• REQUIRED WORK
With all images omitted, write out the records word for word.

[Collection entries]
************

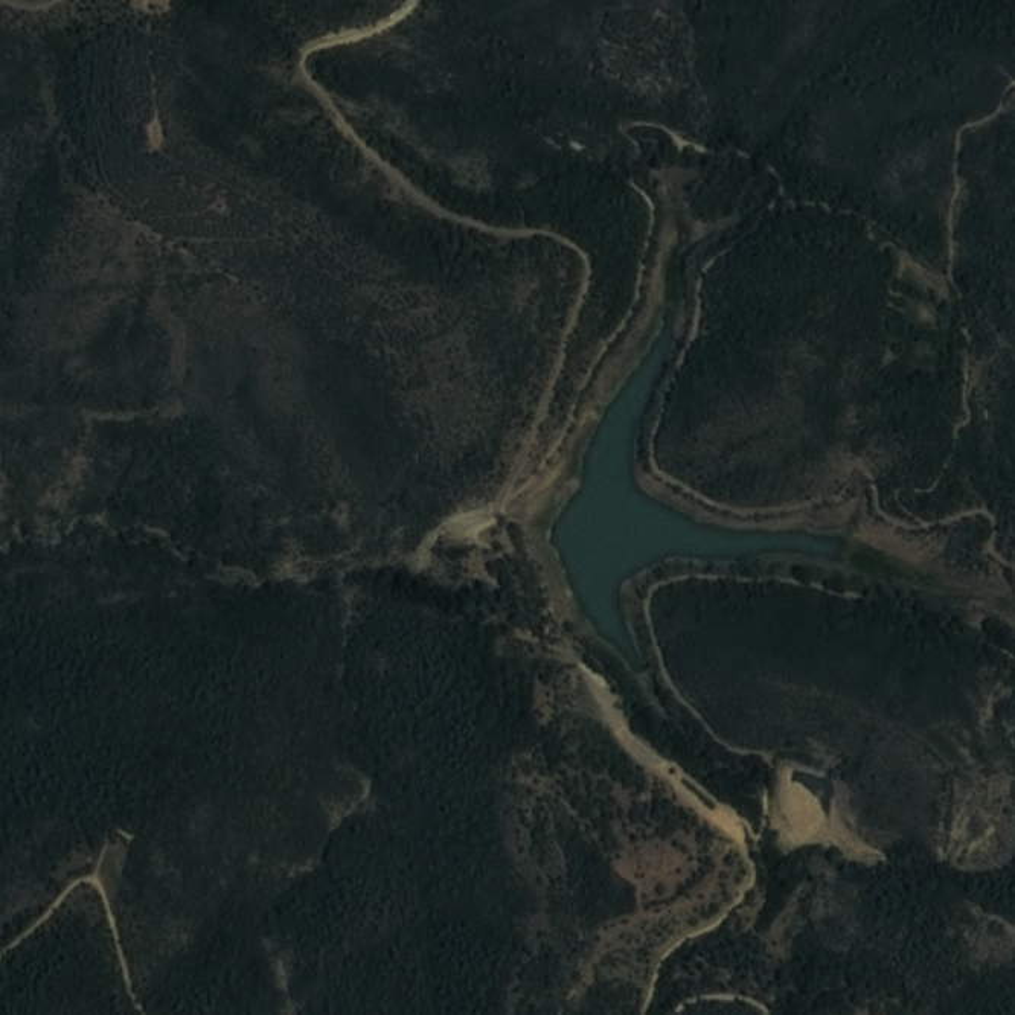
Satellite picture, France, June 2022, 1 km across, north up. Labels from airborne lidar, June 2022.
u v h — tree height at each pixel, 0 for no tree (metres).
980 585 0
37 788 15
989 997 9
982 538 10
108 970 6
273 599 11
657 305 0
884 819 0
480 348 7
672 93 6
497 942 6
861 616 12
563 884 7
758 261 15
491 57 14
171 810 6
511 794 7
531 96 7
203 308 0
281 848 9
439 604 10
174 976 7
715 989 18
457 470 8
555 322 10
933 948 14
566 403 11
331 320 8
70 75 5
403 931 10
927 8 12
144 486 7
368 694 8
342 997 5
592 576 0
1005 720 6
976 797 0
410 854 6
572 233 9
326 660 7
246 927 6
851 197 13
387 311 7
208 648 8
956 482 7
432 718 7
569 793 11
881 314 8
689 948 9
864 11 13
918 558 0
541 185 9
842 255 11
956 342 9
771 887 9
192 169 7
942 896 18
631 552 0
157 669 12
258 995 8
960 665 5
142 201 6
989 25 12
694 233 0
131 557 13
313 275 8
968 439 6
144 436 7
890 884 18
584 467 0
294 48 13
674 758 7
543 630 16
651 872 0
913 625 12
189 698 8
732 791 12
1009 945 0
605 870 9
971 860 0
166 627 10
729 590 12
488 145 6
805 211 11
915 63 6
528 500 0
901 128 8
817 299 8
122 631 9
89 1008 6
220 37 7
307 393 0
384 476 7
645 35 8
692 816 6
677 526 0
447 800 7
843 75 12
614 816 10
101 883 0
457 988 8
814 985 13
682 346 8
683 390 7
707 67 6
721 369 9
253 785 6
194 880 8
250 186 7
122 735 6
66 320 0
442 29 7
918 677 6
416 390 8
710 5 7
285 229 6
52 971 13
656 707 16
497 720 13
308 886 8
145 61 8
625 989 8
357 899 11
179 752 7
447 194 11
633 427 0
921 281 0
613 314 8
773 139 6
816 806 0
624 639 0
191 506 11
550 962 8
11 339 6
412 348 7
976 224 7
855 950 8
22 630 7
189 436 11
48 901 0
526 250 8
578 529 0
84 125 8
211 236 7
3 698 7
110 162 8
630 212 9
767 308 8
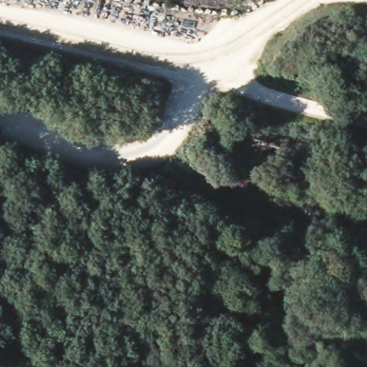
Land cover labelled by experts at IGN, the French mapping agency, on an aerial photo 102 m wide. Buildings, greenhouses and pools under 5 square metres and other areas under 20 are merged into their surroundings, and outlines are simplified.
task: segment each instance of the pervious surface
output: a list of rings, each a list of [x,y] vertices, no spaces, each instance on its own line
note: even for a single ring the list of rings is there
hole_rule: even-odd
[[[347,125],[347,140],[350,139],[361,149],[367,145],[367,119],[358,118]]]
[[[300,96],[268,89],[254,79],[254,70],[258,67],[265,43],[271,39],[272,34],[281,32],[292,20],[298,19],[318,4],[335,1],[356,3],[367,3],[367,0],[0,0],[0,36],[40,46],[59,47],[66,52],[116,63],[119,69],[128,66],[163,76],[172,83],[165,123],[162,126],[165,130],[155,133],[145,142],[115,145],[113,149],[106,143],[87,148],[82,143],[69,142],[56,130],[47,128],[43,120],[34,118],[27,110],[16,113],[0,110],[0,148],[4,146],[16,153],[13,161],[20,169],[26,168],[27,159],[46,161],[53,158],[57,161],[60,156],[70,156],[85,161],[96,158],[97,161],[109,165],[116,165],[120,161],[123,165],[128,165],[130,161],[132,163],[136,168],[146,171],[156,166],[178,178],[188,176],[192,169],[188,163],[176,158],[173,153],[188,136],[191,130],[189,123],[198,122],[204,108],[202,103],[211,93],[215,93],[216,90],[228,92],[237,89],[241,95],[259,102],[323,119],[327,119],[327,112],[323,106]]]

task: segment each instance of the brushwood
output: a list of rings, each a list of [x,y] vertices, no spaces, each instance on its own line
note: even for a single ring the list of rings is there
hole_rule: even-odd
[[[323,119],[259,102],[241,95],[237,89],[228,92],[231,93],[231,102],[234,103],[234,128],[245,135],[252,136],[252,140],[261,139],[264,142],[275,143],[280,149],[285,148],[284,156],[292,165],[287,175],[278,179],[278,188],[295,185],[297,189],[304,188],[307,191],[310,183],[305,179],[304,165],[311,156],[311,151],[307,139],[314,139],[314,130]]]
[[[320,17],[317,22],[308,24],[302,36],[295,42],[285,43],[282,47],[281,56],[275,62],[277,75],[274,77],[284,77],[291,82],[297,82],[300,96],[323,106],[330,97],[327,83],[324,82],[328,66],[340,69],[344,80],[341,85],[343,89],[356,86],[360,90],[367,90],[367,83],[363,79],[357,79],[358,60],[351,56],[358,44],[363,40],[367,42],[367,3],[356,3],[353,6],[353,14],[341,10],[340,13],[333,11],[331,16]]]

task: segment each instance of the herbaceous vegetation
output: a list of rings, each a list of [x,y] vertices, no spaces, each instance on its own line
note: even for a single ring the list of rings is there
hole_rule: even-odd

************

• SOLUTION
Satellite picture, France, June 2022, 1 km across, north up. Labels from airborne lidar, June 2022.
u v h — tree height at each pixel, 0 for no tree (metres).
980 585 0
37 788 15
989 997 9
982 538 10
108 970 6
273 599 11
657 305 0
884 819 0
480 348 7
672 93 6
497 942 6
861 616 12
563 884 7
758 261 15
491 57 14
171 810 6
511 794 7
531 96 7
203 308 0
281 848 9
439 604 10
174 976 7
715 989 18
457 470 8
555 322 10
933 948 14
566 403 11
331 320 8
70 75 5
403 931 10
927 8 12
144 486 7
368 694 8
342 997 5
592 576 0
1005 720 6
976 797 0
410 854 6
572 233 9
326 660 7
246 927 6
851 197 13
387 311 7
208 648 8
956 482 7
432 718 7
569 793 11
881 314 8
689 948 9
864 11 13
918 558 0
541 185 9
842 255 11
956 342 9
771 887 9
192 169 7
942 896 18
631 552 0
157 669 12
258 995 8
960 665 5
142 201 6
989 25 12
694 233 0
131 557 13
313 275 8
968 439 6
144 436 7
890 884 18
584 467 0
294 48 13
674 758 7
543 630 16
651 872 0
913 625 12
189 698 8
732 791 12
1009 945 0
605 870 9
971 860 0
166 627 10
729 590 12
488 145 6
805 211 11
915 63 6
528 500 0
901 128 8
817 299 8
122 631 9
89 1008 6
220 37 7
307 393 0
384 476 7
645 35 8
692 816 6
677 526 0
447 800 7
843 75 12
614 816 10
101 883 0
457 988 8
814 985 13
682 346 8
683 390 7
707 67 6
721 369 9
253 785 6
194 880 8
250 186 7
122 735 6
66 320 0
442 29 7
918 677 6
416 390 8
710 5 7
285 229 6
52 971 13
656 707 16
497 720 13
308 886 8
145 61 8
625 989 8
357 899 11
179 752 7
447 194 11
633 427 0
921 281 0
613 314 8
773 139 6
816 806 0
624 639 0
191 506 11
550 962 8
11 339 6
412 348 7
976 224 7
855 950 8
22 630 7
189 436 11
48 901 0
526 250 8
578 529 0
84 125 8
211 236 7
3 698 7
110 162 8
630 212 9
767 308 8
Land cover labelled by experts at IGN, the French mapping agency, on an aerial photo 102 m wide. Buildings, greenhouses and pools under 5 square metres and other areas under 20 are merged into their surroundings, and outlines are simplified.
task: segment each instance of the pervious surface
output: a list of rings, each a list of [x,y] vertices, no spaces, each instance on its own line
note: even for a single ring the list of rings is there
hole_rule: even-odd
[[[347,125],[347,140],[350,139],[361,149],[367,145],[367,119],[358,118]]]
[[[300,96],[268,89],[254,79],[254,70],[258,67],[265,43],[271,39],[272,34],[281,32],[292,20],[298,19],[318,4],[335,1],[356,3],[367,3],[367,0],[0,0],[0,36],[40,46],[59,47],[66,52],[116,63],[119,69],[128,66],[163,76],[172,83],[165,123],[162,126],[165,130],[155,133],[145,142],[115,145],[113,149],[106,143],[87,148],[82,143],[69,142],[56,130],[47,128],[43,120],[34,118],[27,110],[16,113],[0,110],[0,148],[4,146],[16,153],[13,161],[20,169],[26,168],[27,159],[46,161],[53,158],[57,161],[60,156],[70,156],[85,161],[96,158],[97,161],[109,165],[116,165],[120,161],[123,165],[128,165],[130,161],[132,163],[136,168],[146,171],[156,166],[178,178],[188,176],[192,169],[188,163],[176,158],[173,153],[188,136],[191,130],[189,123],[198,122],[204,108],[202,103],[211,93],[215,93],[216,90],[228,92],[237,89],[241,95],[259,102],[323,119],[327,119],[327,112],[323,106]]]

task: segment each instance of the brushwood
output: a list of rings, each a list of [x,y] vertices, no spaces, each instance on its own line
note: even for a single ring the list of rings is there
hole_rule: even-odd
[[[323,119],[259,102],[241,95],[237,89],[228,92],[231,93],[231,102],[234,103],[234,128],[245,135],[252,136],[252,140],[261,139],[264,142],[275,143],[280,149],[285,148],[284,156],[292,165],[287,175],[278,179],[278,188],[295,185],[297,189],[304,188],[307,191],[310,183],[305,179],[304,165],[311,156],[311,151],[307,139],[314,139],[314,130]]]
[[[320,17],[317,22],[308,24],[302,36],[295,42],[285,43],[282,47],[281,56],[275,62],[277,75],[274,77],[284,77],[291,82],[297,82],[300,96],[323,106],[330,97],[327,83],[324,82],[328,66],[340,69],[344,80],[341,85],[343,89],[356,86],[360,90],[367,90],[367,83],[363,79],[357,79],[358,60],[351,56],[358,44],[363,40],[367,42],[367,3],[356,3],[353,6],[353,14],[341,10],[340,13],[333,11],[331,16]]]

task: segment each instance of the herbaceous vegetation
output: a list of rings, each a list of [x,y] vertices, no spaces, each instance on its own line
note: even for a single ring the list of rings is there
hole_rule: even-odd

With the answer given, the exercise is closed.